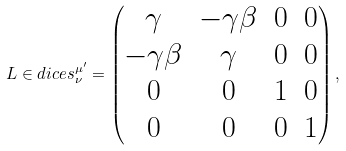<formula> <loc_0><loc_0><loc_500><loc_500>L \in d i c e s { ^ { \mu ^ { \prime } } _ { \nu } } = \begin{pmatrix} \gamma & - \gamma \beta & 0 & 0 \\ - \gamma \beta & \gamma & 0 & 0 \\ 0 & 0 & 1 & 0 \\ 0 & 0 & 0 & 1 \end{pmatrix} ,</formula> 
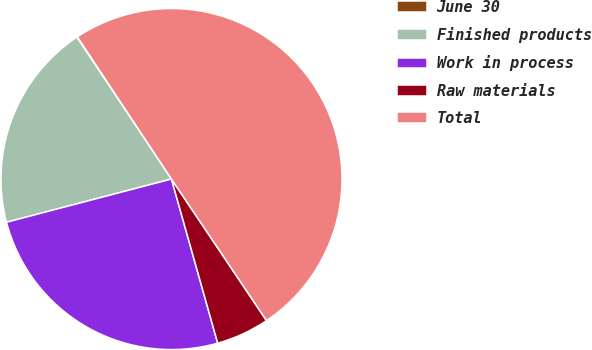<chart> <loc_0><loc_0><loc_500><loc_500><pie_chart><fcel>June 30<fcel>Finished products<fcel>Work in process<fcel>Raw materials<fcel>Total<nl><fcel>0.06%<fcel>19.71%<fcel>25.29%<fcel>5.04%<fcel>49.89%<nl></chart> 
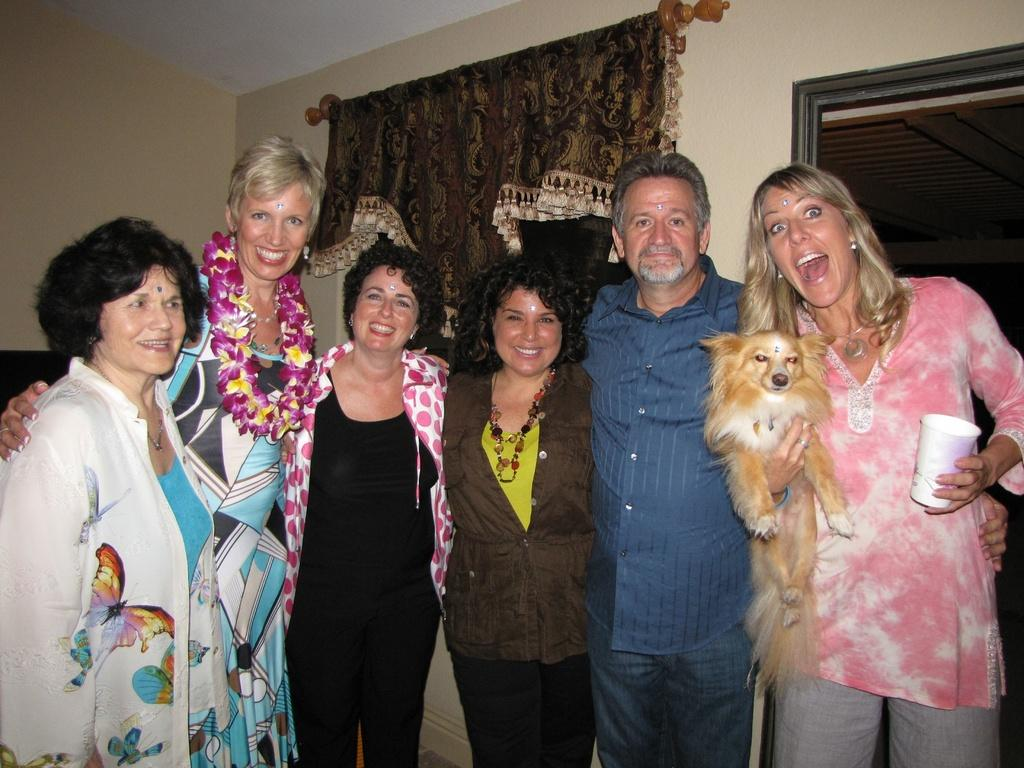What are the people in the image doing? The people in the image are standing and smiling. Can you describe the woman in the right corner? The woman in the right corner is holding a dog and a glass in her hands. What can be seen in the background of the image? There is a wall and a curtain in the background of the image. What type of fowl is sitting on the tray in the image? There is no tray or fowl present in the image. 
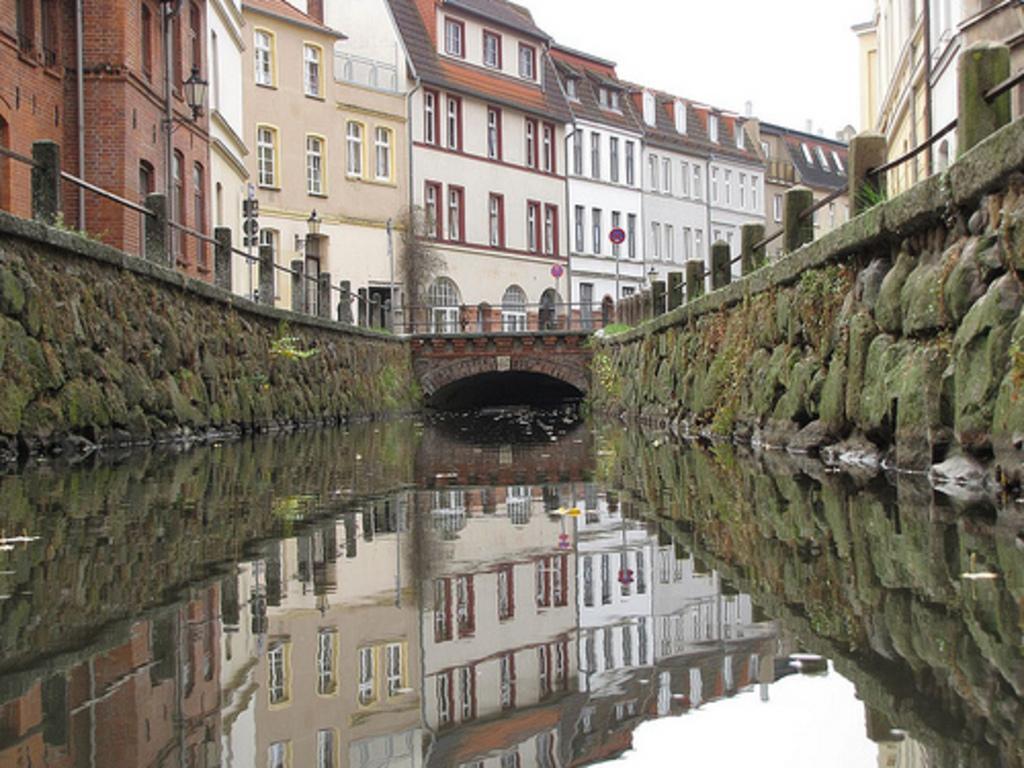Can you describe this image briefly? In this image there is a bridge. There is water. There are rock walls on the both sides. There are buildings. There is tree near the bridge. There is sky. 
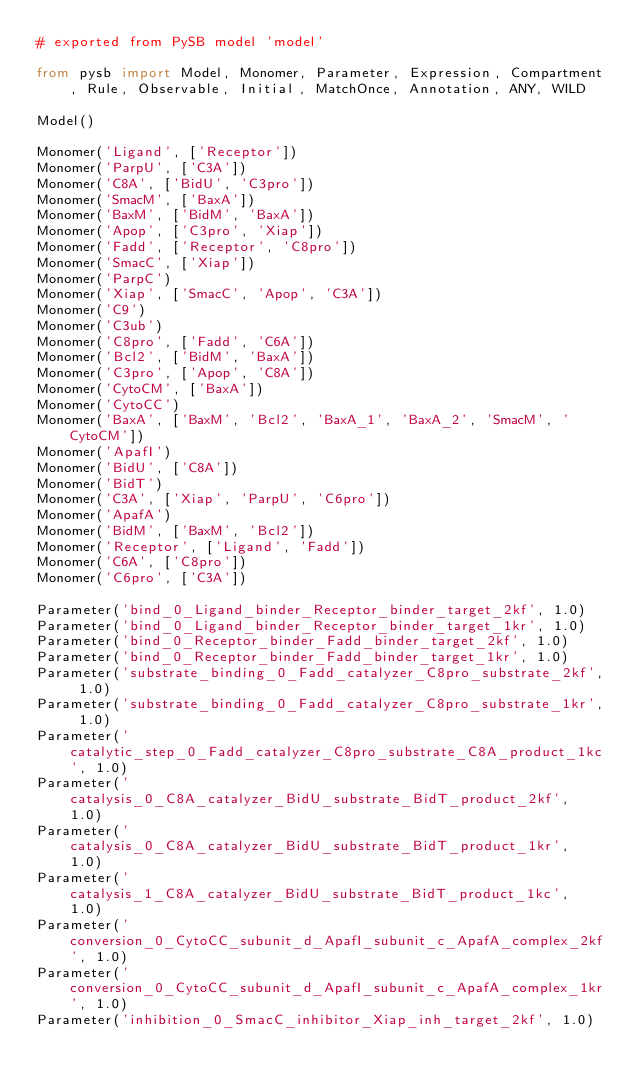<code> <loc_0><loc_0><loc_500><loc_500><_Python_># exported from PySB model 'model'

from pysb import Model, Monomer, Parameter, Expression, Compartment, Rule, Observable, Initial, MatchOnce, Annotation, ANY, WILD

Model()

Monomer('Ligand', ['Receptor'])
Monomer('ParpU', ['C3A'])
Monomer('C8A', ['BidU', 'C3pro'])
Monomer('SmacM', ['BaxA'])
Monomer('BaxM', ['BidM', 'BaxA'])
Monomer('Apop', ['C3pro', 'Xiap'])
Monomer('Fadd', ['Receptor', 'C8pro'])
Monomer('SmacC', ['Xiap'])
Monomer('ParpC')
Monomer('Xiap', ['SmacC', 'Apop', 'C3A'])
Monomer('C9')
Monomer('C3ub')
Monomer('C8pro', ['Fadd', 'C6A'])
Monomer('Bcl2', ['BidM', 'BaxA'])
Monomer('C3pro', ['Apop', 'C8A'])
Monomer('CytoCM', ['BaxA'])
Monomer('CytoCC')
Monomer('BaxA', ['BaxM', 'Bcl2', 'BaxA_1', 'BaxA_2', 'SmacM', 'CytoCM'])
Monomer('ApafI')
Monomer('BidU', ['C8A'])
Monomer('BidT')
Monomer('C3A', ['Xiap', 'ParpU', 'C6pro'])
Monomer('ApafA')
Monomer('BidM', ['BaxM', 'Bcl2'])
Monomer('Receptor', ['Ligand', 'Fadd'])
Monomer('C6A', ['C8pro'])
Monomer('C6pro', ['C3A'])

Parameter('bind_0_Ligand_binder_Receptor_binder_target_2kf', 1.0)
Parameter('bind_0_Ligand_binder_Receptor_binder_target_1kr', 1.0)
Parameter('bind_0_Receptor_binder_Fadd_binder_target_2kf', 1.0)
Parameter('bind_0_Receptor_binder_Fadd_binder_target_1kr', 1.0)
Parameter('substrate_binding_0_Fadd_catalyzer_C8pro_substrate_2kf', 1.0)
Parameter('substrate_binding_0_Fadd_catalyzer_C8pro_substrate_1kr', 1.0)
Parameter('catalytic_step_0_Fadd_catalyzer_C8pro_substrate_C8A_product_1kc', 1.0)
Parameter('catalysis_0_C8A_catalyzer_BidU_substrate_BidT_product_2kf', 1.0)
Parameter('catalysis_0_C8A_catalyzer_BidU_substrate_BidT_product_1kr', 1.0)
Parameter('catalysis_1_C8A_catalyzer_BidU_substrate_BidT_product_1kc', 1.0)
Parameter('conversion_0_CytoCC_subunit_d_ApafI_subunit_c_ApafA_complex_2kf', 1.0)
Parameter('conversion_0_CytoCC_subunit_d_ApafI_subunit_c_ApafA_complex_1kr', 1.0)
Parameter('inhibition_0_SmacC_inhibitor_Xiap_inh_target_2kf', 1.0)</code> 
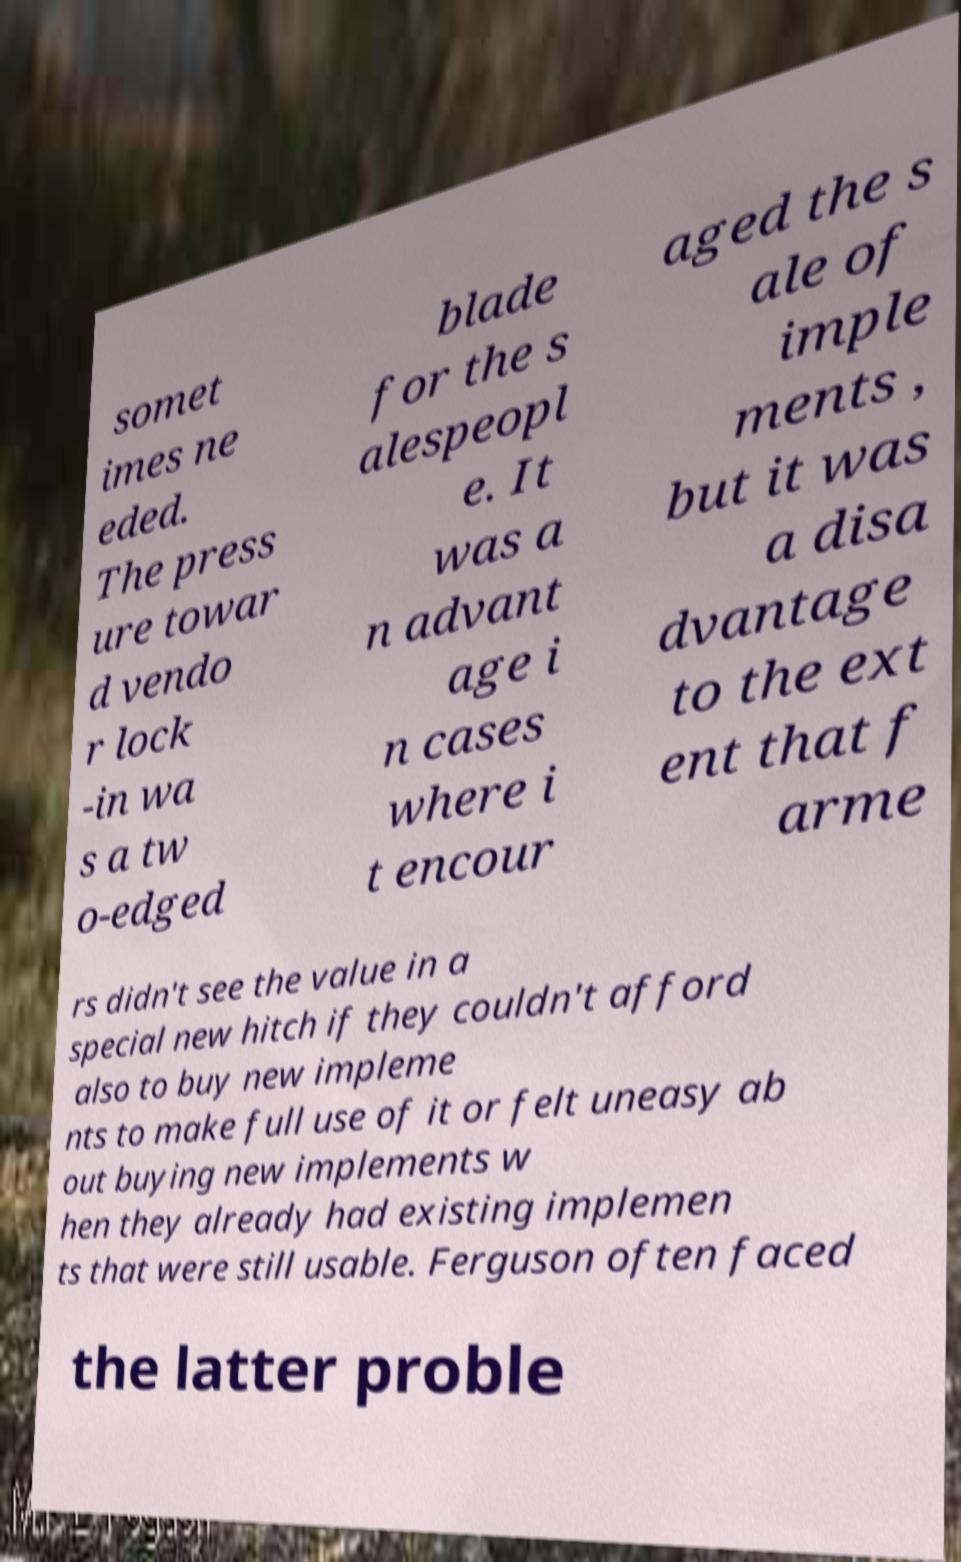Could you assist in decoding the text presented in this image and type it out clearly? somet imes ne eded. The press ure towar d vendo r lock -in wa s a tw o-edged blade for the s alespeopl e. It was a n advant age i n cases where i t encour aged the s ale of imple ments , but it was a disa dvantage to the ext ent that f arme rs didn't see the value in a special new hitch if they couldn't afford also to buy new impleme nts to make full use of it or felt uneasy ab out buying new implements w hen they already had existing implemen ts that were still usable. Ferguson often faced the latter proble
══════
Starting with the first line of the records above and stopping after the line containing "30<fcel>Finished products<fcel>Work in", repeat every line exactly and leave out the pictures.

PROBLEM SOLUTION:
<formula> <loc_0><loc_0><loc_500><loc_500>L \in d i c e s { ^ { \mu ^ { \prime } } _ { \nu } } = \begin{pmatrix} \gamma & - \gamma \beta & 0 & 0 \\ - \gamma \beta & \gamma & 0 & 0 \\ 0 & 0 & 1 & 0 \\ 0 & 0 & 0 & 1 \end{pmatrix} ,</formula> 
<chart> <loc_0><loc_0><loc_500><loc_500><pie_chart><fcel>June 30<fcel>Finished products<fcel>Work in process<fcel>Raw materials<fcel>Total<nl><fcel>0.06%<fcel>19.71%<fcel>25.29%<fcel>5.04%<fcel>49.89%<nl></chart> 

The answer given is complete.